Затем разговор пошел о следствии, имевшем быть в два часа, о ране убитого, об оружии, которым было совершено преступление. Обо всех этих предметах было несколько мнений, так как за пределами Клеведона не многие обладали достоверными сведениями. Рнчард Редмайн слушал молча. Садовник и мистер Перкис время от времени обращались к нему со своим замечаниями.

-- В газетах пишут вслед за всяким преступлением, что полиция уже напала на след виновного, хотя еще ничто неизвестно достоверно и не может быть обнародовано, -- заметил Перкис. -- Поверьте, мистер Бонд, что и в этом случае полиция уже напала на следы преступника. Как вы думаете, из ружья или из пистолета был сделан выстрел?

-- Грум капитана Гартвуда был здесь пред завтраком, объезжая лошадь своего барина, и говорил мне, что доктора вынули полдюжины дробинок, следовательно, выстрел был сделан из ружья и без заранее обдуманного намерения. Никто не заряжает ружье дробью, собираясь убить человека.

-- Этого нельзя сказать, мистер Бонд, -- возразил Перкис. -- Чем хуже человек, тем хитрее совершает он свое преступление. Он хотел, быть может, сбить с толку следователей. Но я не могу понять причину преступления. Никто не совершает убийства без причины.

-- Кроме сумасшедших, -- сказал садовник. -- Мне сдается, что это убийство было делом сумасшедшего.

-- Что это вы говорите, мистер Бонд? Я называю это насмешкой над законами страны. Стоит только человеку сделать какое-нибудь необычайное преступление, чтобы его провозгласили сумасшедшим.

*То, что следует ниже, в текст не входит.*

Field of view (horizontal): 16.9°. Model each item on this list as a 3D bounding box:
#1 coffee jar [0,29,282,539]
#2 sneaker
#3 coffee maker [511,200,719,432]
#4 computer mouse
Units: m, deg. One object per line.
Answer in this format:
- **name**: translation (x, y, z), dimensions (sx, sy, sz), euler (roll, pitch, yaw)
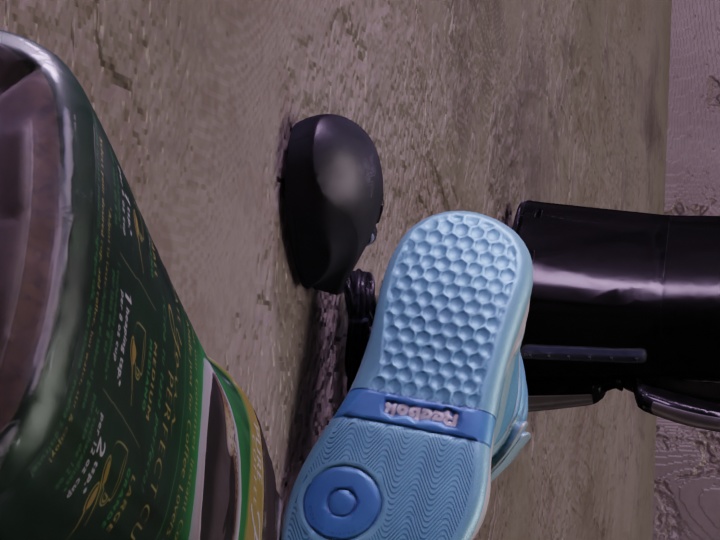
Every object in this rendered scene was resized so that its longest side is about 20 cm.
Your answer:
- **coffee jar**: translation (-0.074, 0.039, 0.519), dimensions (0.200, 0.085, 0.104), euler (69, 22, -61)
- **sneaker**: translation (0.027, 0.088, 1.039), dimensions (0.131, 0.080, 0.200), euler (81, 30, -62)
- **coffee maker**: translation (0.196, 0.008, 1.602), dimensions (0.135, 0.200, 0.192), euler (-55, 147, -74)
- **computer mouse**: translation (0.000, 0.000, 1.032), dimensions (0.200, 0.034, 0.059), euler (74, 20, -60)

Ричард Редмайн стоял немного поодаль, рассеянно слушая, потом, решившись взглянуть на сцену вчерашней катастрофы, подошел к калитке, но был остановлен садовником.

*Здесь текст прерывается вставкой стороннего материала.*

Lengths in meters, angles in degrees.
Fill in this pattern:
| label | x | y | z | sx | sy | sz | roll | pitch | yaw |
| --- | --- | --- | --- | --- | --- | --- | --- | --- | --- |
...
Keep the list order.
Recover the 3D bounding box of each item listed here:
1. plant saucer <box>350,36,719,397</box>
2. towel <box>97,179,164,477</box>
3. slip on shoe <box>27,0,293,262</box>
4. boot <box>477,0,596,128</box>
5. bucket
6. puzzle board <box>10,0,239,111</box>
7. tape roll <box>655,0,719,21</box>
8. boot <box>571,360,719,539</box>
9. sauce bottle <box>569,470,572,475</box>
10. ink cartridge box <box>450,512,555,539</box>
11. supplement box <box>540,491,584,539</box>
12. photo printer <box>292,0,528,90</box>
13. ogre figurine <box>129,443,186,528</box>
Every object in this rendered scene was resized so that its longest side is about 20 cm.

-- Извините, мистер Редмайн, -- сказал он. -- Хотя вы человек известный, но я имею строгие предписания от полиции и обязан исполнять их. Сегодня запрещено ходить в парке.

-- Почему?

-- Не мое дело знать, зачем и почему. Я должен только исполнять приказания.

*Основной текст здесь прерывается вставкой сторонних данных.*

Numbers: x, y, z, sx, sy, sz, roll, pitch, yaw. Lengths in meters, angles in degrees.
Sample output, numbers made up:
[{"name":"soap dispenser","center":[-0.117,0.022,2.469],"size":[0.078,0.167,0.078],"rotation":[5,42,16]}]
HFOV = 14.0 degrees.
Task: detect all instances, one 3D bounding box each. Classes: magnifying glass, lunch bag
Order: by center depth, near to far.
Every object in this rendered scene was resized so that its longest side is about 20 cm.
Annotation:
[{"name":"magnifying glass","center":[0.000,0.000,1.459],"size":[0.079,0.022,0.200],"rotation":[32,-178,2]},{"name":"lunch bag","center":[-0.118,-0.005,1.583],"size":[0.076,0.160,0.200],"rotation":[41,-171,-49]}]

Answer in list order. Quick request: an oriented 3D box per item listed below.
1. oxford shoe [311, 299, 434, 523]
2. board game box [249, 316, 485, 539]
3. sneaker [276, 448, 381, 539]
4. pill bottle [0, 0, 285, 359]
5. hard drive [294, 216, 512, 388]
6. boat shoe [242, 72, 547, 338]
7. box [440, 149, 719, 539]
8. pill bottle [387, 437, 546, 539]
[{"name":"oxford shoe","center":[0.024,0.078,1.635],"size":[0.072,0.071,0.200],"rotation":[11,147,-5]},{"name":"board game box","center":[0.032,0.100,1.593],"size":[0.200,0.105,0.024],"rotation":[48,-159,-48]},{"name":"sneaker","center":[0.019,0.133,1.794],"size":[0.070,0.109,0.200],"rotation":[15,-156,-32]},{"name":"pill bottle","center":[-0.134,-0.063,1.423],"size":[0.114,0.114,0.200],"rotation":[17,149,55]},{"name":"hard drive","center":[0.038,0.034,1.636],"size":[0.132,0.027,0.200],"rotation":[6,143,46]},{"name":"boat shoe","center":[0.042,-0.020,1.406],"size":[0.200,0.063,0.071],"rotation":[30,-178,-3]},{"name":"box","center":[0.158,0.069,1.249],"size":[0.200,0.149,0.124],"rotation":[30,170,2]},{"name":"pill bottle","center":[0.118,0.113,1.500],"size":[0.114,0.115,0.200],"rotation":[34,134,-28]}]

-- Вы правы. Я не особенно интересуюсь этим делом, но если на кого-нибудь падет подозрение и кто-нибудь будет задержан, я желал бы, чтобы меня об этом уведомили. Не можете ли вы прислать кого-нибудь ко мне в Брайервуд?

-- Хорошо, мистер Редмайн. Я пришлю сказать вам, если что-нибудь случится.

Минуту спустя к калитке подошел молодой малый с лицом, сиявшим гордостью и сознанием собственного достоинства. Он принес новость, еще не известную этим людям, и они это тотчас же поняли.

-- Что нового, Джим? -- спросили его.

-- Очень важная новость, -- отвечал он торжественно. -- Нашли ружье, которым был убит джентльмен.

-- А, так ружье уже нашли, -- сказал Бонд. -- Остальное не трудно узнать. Скоро найдут и самого убийцу.

Он задумчиво посмотрел вслед Редмайну, уходившему по пыльной большой дороге.

-- Странно, что он так интересуется этим делом, что просит присылать ему известия, -- заметил он.

-- Действительно, странно, Бонд, -- возразил Перкис. -- Но с тех пор, как он вернулся из Австралии, нет на свете человека страннее Ричарда Редмайна. Проклятое золото вскружило ему голову -- вот мое мнение. Выкапывая из земли золотые слитки как земляных червей, человек идет против природы и должен нести за это наказание.

-- Вы правы, -- отвечал Бонд. -- В поте лица своего будешь зарабатывать хлеб свой, говорится в Священном Писании, но об откапывании золота и о стофунтовых слитках в нем не упоминается.